Consider the smooth vector field on $\mathbb{R}^3$ given by
$$V=-y \frac{\partial }{\partial y}+z \frac{\partial }{\partial z}$$
and let $M=\{(x,y,z)\in \mathbb{R}^3 \ | \ x^2+yz=1\}$.
a) Show that $M$ is an embedded submanifold of $\mathbb{R}^3$.

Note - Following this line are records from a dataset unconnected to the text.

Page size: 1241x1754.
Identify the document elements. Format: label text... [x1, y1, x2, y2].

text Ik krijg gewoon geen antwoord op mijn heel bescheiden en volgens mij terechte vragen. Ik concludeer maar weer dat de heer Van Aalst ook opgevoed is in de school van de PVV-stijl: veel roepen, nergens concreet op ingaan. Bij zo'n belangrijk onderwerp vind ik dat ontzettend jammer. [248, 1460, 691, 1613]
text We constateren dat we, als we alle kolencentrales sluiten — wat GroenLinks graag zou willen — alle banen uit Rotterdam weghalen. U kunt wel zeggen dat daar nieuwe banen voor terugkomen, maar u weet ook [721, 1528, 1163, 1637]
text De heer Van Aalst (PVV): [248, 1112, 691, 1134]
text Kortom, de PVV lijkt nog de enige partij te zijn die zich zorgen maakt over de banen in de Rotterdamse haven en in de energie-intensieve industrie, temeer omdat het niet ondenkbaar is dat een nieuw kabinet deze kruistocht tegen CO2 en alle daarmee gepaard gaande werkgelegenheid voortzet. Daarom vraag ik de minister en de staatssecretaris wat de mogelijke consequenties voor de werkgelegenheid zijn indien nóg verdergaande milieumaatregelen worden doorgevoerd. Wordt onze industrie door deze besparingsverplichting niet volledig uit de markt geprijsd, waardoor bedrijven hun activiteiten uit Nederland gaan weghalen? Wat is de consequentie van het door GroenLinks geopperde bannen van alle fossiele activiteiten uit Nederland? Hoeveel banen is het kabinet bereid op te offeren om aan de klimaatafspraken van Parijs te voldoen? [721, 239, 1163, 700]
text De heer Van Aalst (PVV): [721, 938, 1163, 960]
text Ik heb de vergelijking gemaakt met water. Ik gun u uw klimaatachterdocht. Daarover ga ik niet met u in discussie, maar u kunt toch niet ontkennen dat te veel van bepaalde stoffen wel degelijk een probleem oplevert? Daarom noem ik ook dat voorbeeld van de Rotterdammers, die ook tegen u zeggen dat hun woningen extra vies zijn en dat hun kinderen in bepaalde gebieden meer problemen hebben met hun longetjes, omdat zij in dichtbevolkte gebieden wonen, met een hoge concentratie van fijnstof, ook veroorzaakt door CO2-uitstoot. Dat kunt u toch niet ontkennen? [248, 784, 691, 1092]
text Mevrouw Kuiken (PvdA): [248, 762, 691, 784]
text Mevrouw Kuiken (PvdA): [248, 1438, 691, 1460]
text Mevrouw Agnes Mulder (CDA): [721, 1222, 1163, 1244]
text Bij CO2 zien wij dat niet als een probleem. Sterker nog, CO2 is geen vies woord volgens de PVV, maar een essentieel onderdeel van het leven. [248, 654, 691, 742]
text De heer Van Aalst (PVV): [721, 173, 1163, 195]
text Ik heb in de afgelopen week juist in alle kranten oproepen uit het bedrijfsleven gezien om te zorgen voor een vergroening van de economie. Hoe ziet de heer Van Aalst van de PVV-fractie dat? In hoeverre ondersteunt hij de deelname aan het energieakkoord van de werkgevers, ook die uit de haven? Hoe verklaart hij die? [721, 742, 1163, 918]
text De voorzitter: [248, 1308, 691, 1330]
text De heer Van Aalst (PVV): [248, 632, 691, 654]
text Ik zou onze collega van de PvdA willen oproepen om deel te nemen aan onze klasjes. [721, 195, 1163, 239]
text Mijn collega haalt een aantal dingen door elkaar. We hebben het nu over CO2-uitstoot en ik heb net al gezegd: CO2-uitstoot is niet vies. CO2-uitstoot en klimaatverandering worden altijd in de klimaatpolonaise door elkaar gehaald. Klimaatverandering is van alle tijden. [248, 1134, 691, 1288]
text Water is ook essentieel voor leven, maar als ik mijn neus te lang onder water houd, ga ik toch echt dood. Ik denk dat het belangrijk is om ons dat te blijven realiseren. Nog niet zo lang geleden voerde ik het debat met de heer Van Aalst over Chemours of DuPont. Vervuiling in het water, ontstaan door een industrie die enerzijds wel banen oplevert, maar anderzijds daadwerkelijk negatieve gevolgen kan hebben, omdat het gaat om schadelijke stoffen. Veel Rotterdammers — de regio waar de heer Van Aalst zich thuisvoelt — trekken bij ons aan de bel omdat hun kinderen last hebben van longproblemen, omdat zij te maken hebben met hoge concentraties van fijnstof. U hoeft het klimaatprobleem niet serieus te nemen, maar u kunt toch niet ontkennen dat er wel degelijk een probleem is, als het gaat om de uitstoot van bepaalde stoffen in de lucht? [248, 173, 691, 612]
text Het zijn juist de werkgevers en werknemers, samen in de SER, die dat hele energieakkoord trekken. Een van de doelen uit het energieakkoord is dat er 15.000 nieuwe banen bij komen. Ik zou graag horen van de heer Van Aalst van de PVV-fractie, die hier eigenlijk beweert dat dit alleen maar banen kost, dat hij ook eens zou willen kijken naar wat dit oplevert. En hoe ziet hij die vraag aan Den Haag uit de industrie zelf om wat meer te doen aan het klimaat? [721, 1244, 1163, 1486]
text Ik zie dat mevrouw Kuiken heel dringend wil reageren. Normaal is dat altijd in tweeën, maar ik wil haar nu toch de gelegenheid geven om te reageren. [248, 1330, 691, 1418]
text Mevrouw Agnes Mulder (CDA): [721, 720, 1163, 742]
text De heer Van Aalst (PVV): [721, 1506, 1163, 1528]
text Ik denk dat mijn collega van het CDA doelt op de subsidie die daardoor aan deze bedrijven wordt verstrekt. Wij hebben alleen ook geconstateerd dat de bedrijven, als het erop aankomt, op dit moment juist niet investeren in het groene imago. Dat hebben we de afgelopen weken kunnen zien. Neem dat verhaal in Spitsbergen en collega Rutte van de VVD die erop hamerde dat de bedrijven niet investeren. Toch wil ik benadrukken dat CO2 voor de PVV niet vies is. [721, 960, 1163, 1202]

b) Show that $V$ is tangent to $M$.
I know how to do a), I just need help with b). I am thinking of
Let $f:\mathbb{R}^3\to \mathbb{R}$ to be $f(x,y,z)=x^2+yz$. Then compute the kernel of $df$. However, I’m a little bit stuck at this. Any help would be appreciated.
Thank you.
Given a smooth function $f : \mathbb{R}^3 \to \mathbb{R}$, the derivative $df$ defined on the tangent space of each $(x, y, z) \in \mathbb{R}^3$ is speficied by the matrix
$$ d_{(x, y, z)} f = \begin{bmatrix} \frac{\partial f}{\partial x} & \frac{\partial f}{\partial y} & \frac{\partial f}{\partial z} \end{bmatrix} = \begin{bmatrix} 2x & z & y \end{bmatrix} $$
and the matrix is with respect to the basis $\{ \frac{\partial}{\partial x} , \frac{\partial}{\partial y} , \frac{\partial}{\partial z} \}$ of the tangent space at $(x, y, z)$. See that the vector field $V$ at each point on the manifold is in the kernel of the above transformation.